Keseri aynı noktaya vurmak… Aynı türküyü seslendirmek, Birinci sınıf bilim insanı yetiştirilir, bilim kurumları sorumluluklarını yerine getirirler, yönetimler bilim insanlarını dinleyip önlerini açarlarsa, bilimsel bilgi bütün toplum kurumlarına girecek, toplum yapısı değişecektir.
“Şark kurnazlığı” deyimini severiz... çok da kullanırız... “Garp kurnazlığı” henüz dilimize yerleşmedi. Oysa Garplılar, şarklılardan çok daha kurnazdır. Rahatça aka kara diyebilirler. Kendi çıkarlarına olanları bizim çıkarımıza imiş gibi göstermenin ustasıdırlar... Kardeşi kardeşe kırdırıp keyifle seyrederler. Zavallı şarklılar da kardeşlerini öldürerek vatanlarını kurtaracaklarını zannederler.
Önceki yazımda fikir, sanat ve siyaset dünyasından bazı isimler saymıştım. Bilim teknoloji meselesi için gereğini yapmayan, yazar, düşünür, yöneticilerimiz için ne demiştim. İleri düşünceli insanlar oldukları hakkında “Bu yaygın düşünüş, ama bize göre yanlış - ve huva indana batıl”.
“ Batının tehdidi altında yaşamamızın ve iktidarların onların elinde kuklalaşmasının sebebi bilim ve teknoloji alanındaki geriliğimizdir. Ülkemize yönelik tehdit bilim ve teknoloji üzerinden bize ulaştığı halde, açığı kapatmak için kararlılık sergilemiyoruz. Hatta tam aksine çok da rahat görünüyoruz.” İbrahim Okur. Uygarlık yolu s.190
Yeniçağ biliminin öncüsü olarak kabul edilen Nicolaus Copernicus (Kapernik (1473-15439) Polonya doğumludur. Ülkesinde teoloji okudu. İtalya’da daha çok sevdiği tıp, matematik, astronomi ve kilise hukuku alanlarında sürdürerek matematik Profesörü oldu. Astronomiye hep ilgi duydu.
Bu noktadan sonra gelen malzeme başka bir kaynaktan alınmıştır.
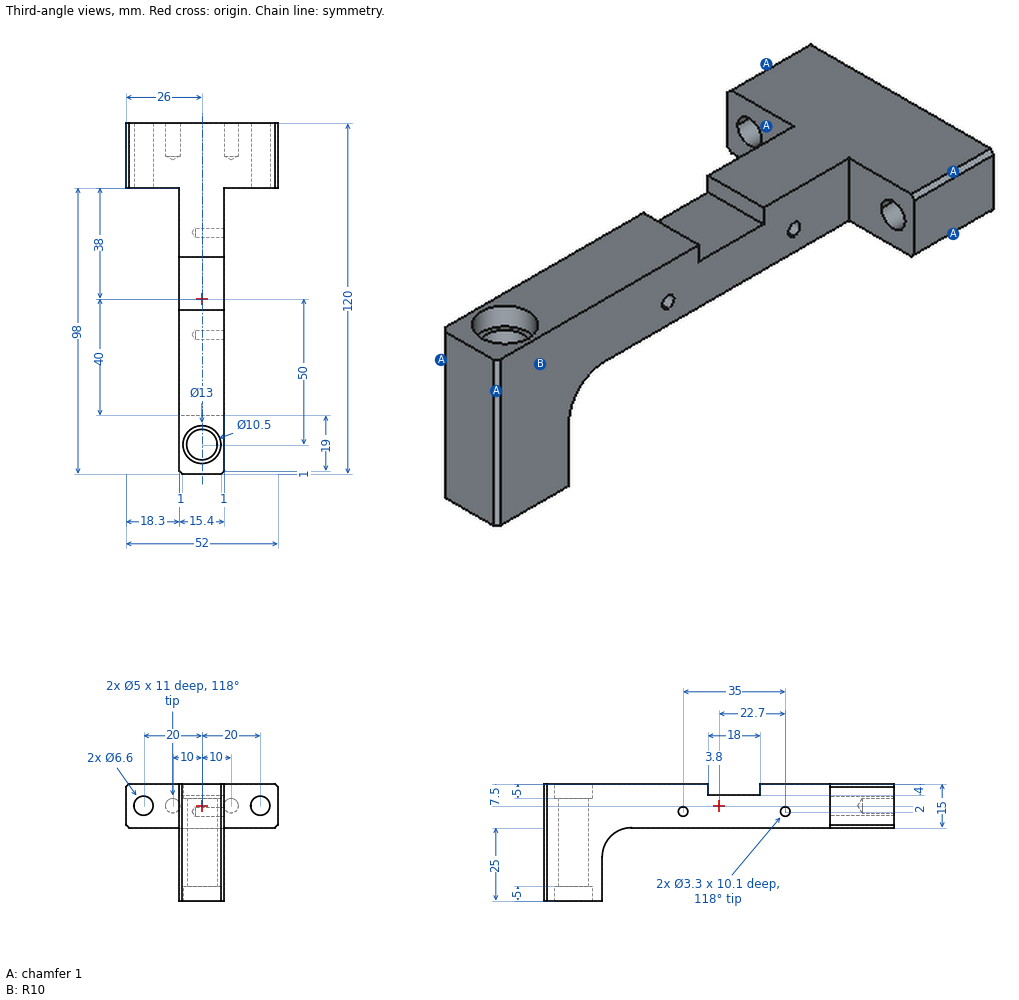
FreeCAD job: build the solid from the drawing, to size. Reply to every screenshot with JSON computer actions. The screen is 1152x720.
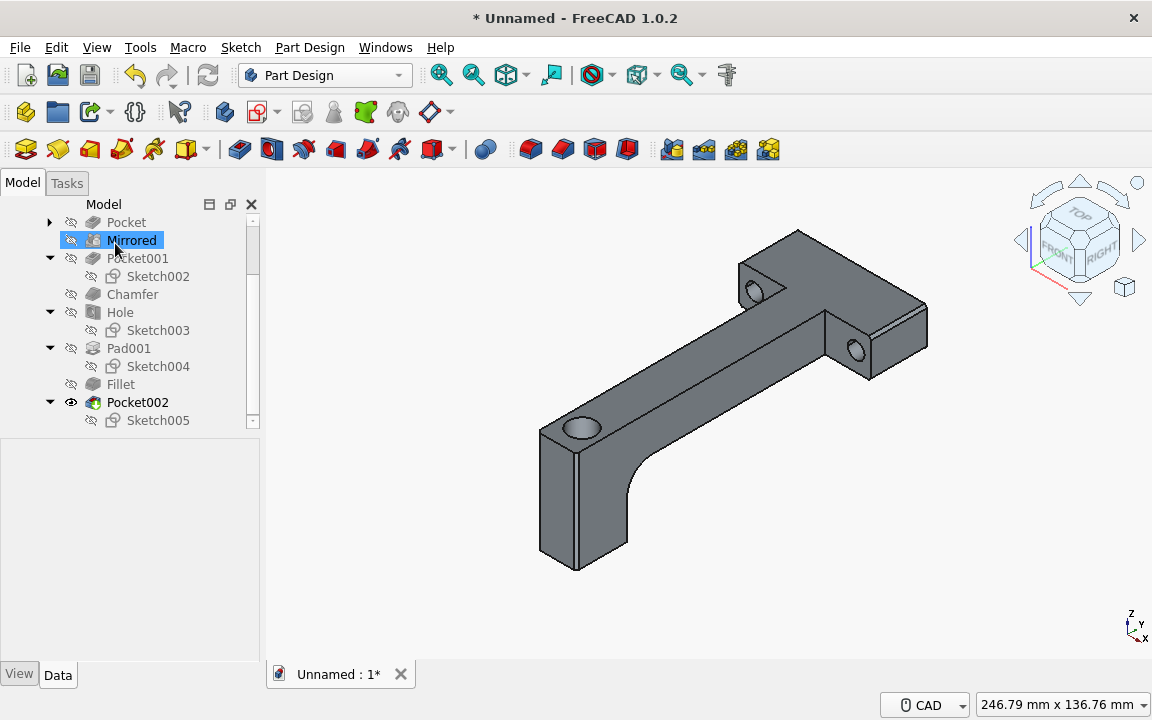
{"action": "left_click", "coordinate": [876, 299]}
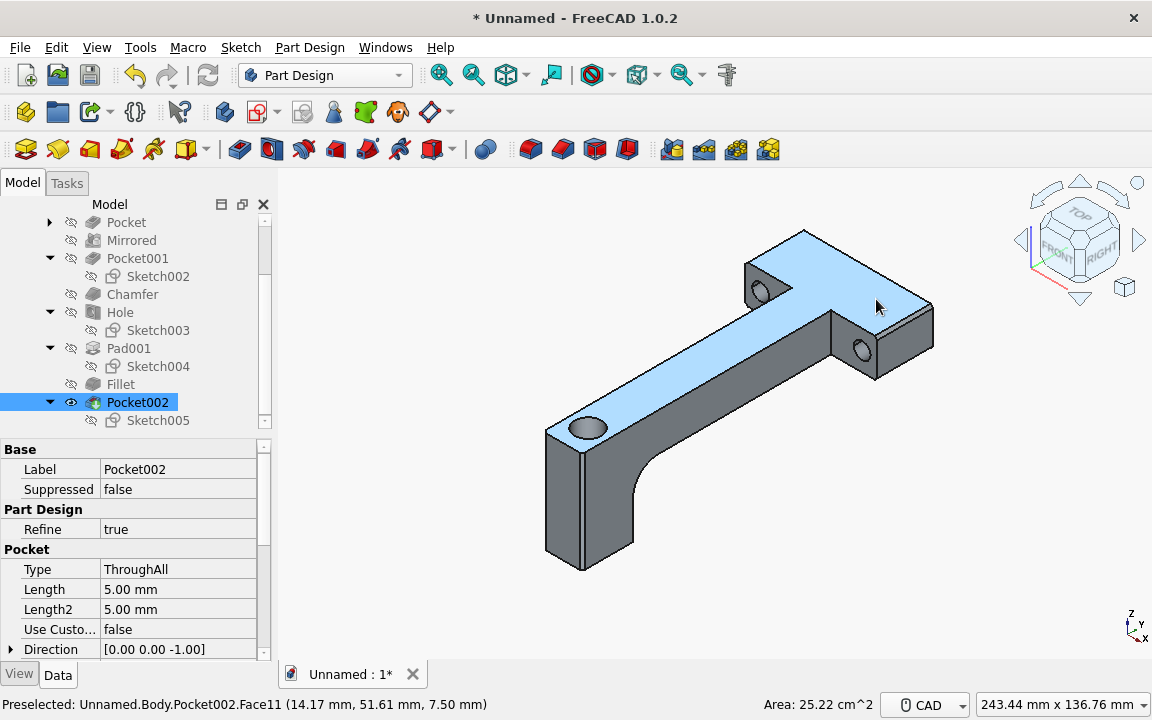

Türkiye’de ülkenin refahına katkıda bulunacak düzeyde bilim ve teknoloji üretiminin olmaması, yerimizde sayacağımız anlamına gelmektedir. Halk siyasetçilerden maaşa zam, ucuzluk vs. istiyor. Bilim üretilsin, teknoloji üretilsin isteği yok. Bilim, üretilmeyince teknoloji üretilemez.